Ce dernier est d’ailleurs oublié totalement par le Plan de Financement de la Sécurité Sociale (PLFSS 2009) ainsi que par le projet de loi “Hôpital, patients, santé et territoires” qui sera présenté devant le Parlement en janvier 2009 et dont l’objectif officiel est pourtant d’offrir des soins de qualité sur tout le territoire.
Roselyne Bachelot avait déclaré le 4 mars 2008, lors d’un “Amphi de la santé” à l’École supérieure des sciences économiques et commerciales (ESSEC), que l’ambition principale des futures Agences Régionales de Santé (ARS) était de «  faire sauter les cloisons entre l’hôpital, la médecine de ville, et le secteur médicosocial  ».
Le 21 mars, lors de la concertation régionale de la mission Larcher à Bordeaux elle récidive : « La ville et l’hôpital ne sauraient s’ignorer plus longtemps. C’est là toute la portée des ARS : fédérer le monde de la santé, pour mieux servir les intérêts de la population. Cette cohérence que nous devons mettre en œuvre ne prendra tout son sens, toute son efficacité, que si nous tissons ces liens à l’échelon régional ».
Afin de « tisser ces liens » comme elle le souhaite pourquoi ne pas se servir de la révolution numérique annoncée par Eric Besson et enfin proposer aux professionnels de santé une messagerie médicale sécurisée, opérationnelle et interopérable ?

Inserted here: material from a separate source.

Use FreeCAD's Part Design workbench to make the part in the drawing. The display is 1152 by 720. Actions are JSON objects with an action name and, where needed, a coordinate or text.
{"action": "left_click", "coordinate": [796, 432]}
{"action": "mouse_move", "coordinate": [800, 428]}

Un des objectifs de ce projet de loi est de redéfinir « la médecine générale de premier recours, précisant qu’elle doit comprendre l’ensemble des professionnels susceptibles de répondre aux besoins de soins de proximité des Français. Par son rôle spécifique de prise en charge, le médecin généraliste devient l’ acteur pivot de l’organisation de l’offre de soins ambulatoire. La coopération entre médecins et paramédicaux (infirmiers...) est réaffirmée  ».
En particulier selon le Projet de loi HPST une des « missions du médecin généraliste de premier recours » est « assurer la synthèse des informations transmises par les différents professionnels de santé ; »
Sans l’aide apportée par les nouvelles technologies de la communication et de l’information, le médecin généraliste déjà submergé de taches administratives et dont l’offre est déficitaire dans de nombreux “territoires”, va avoir du mal à être l’axe autour duquel doivent tourner les autres intervenants de santé.
Comment une « meilleure coordination des parcours de soins » serait possible sans dossier médical partagé numérique ?

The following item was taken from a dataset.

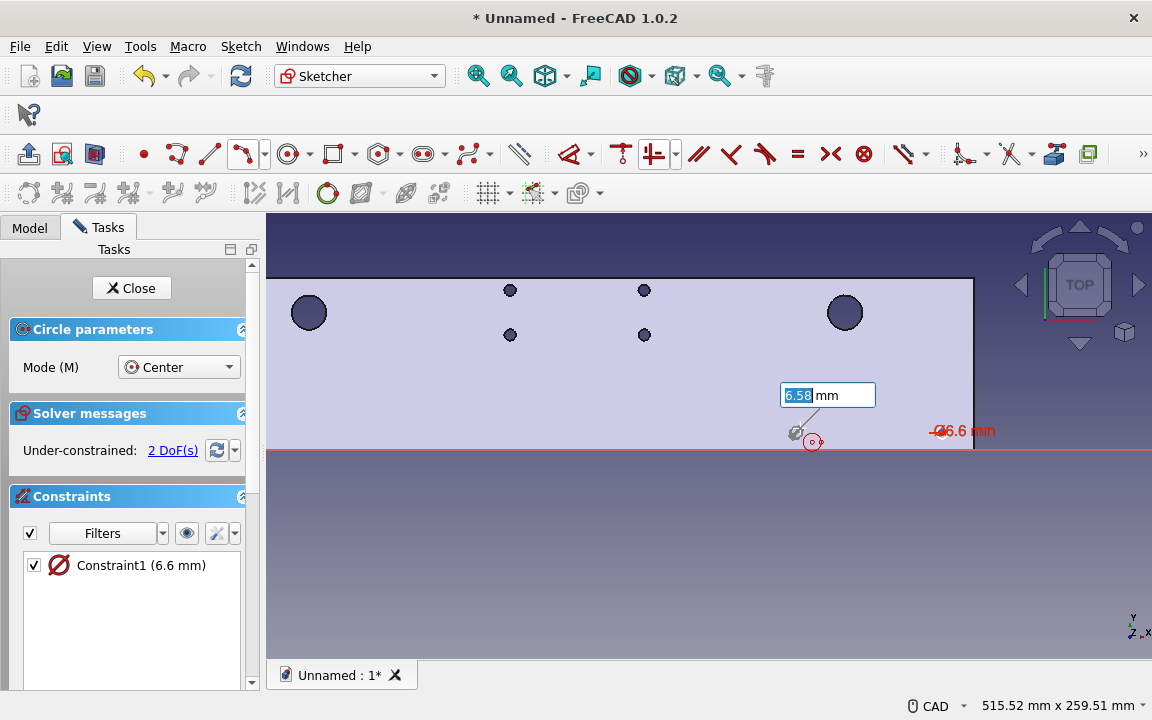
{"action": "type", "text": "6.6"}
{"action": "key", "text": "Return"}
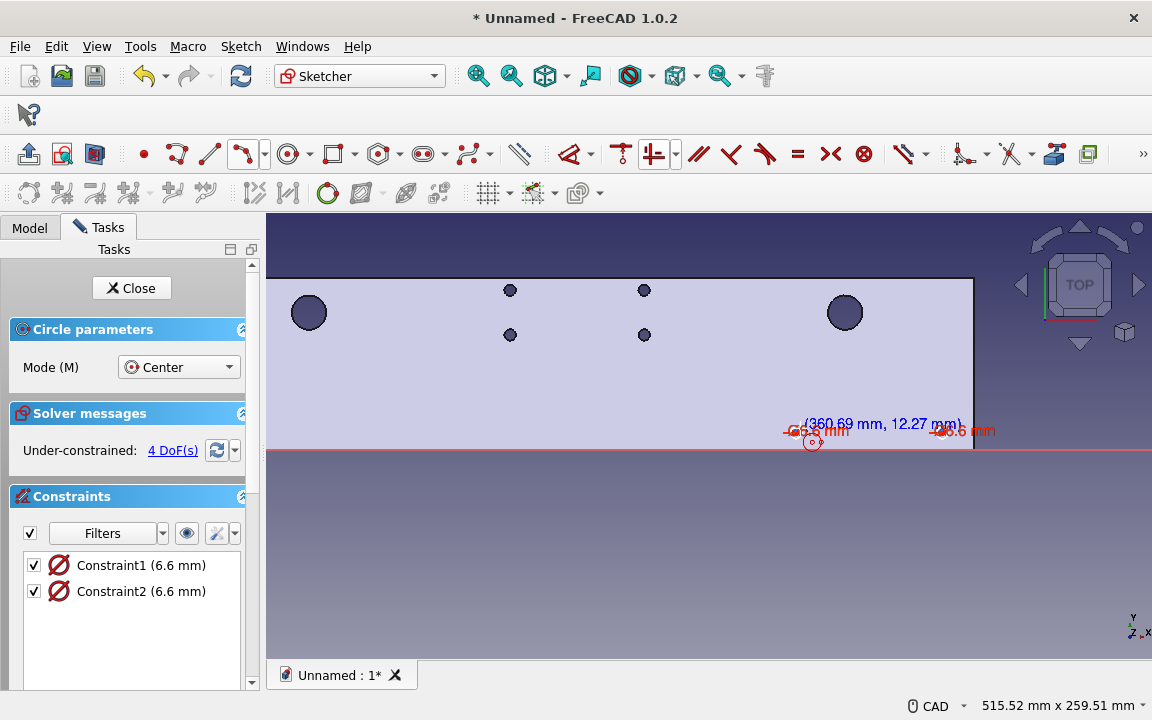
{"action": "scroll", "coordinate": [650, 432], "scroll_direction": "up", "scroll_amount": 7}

Le gouvernement botte le DMP en touche après 2012

Les pouvoirs publics s’engagent seulement à « mettre en place en place à l’horizon 2012 un service de dossier médical personnel », c’est à dire bien au delà de la prochaine élection présidentielle.
Rappelons que la Loi du 13 aout 2004, avait spécifié que « chaque bénéficiaire de l’assurance maladie dispose [...] d’un dossier médical personnel [...] à compter du 1er juillet 2007 ». Il faudra quand même penser à toiletter la Loi par un amendement discret !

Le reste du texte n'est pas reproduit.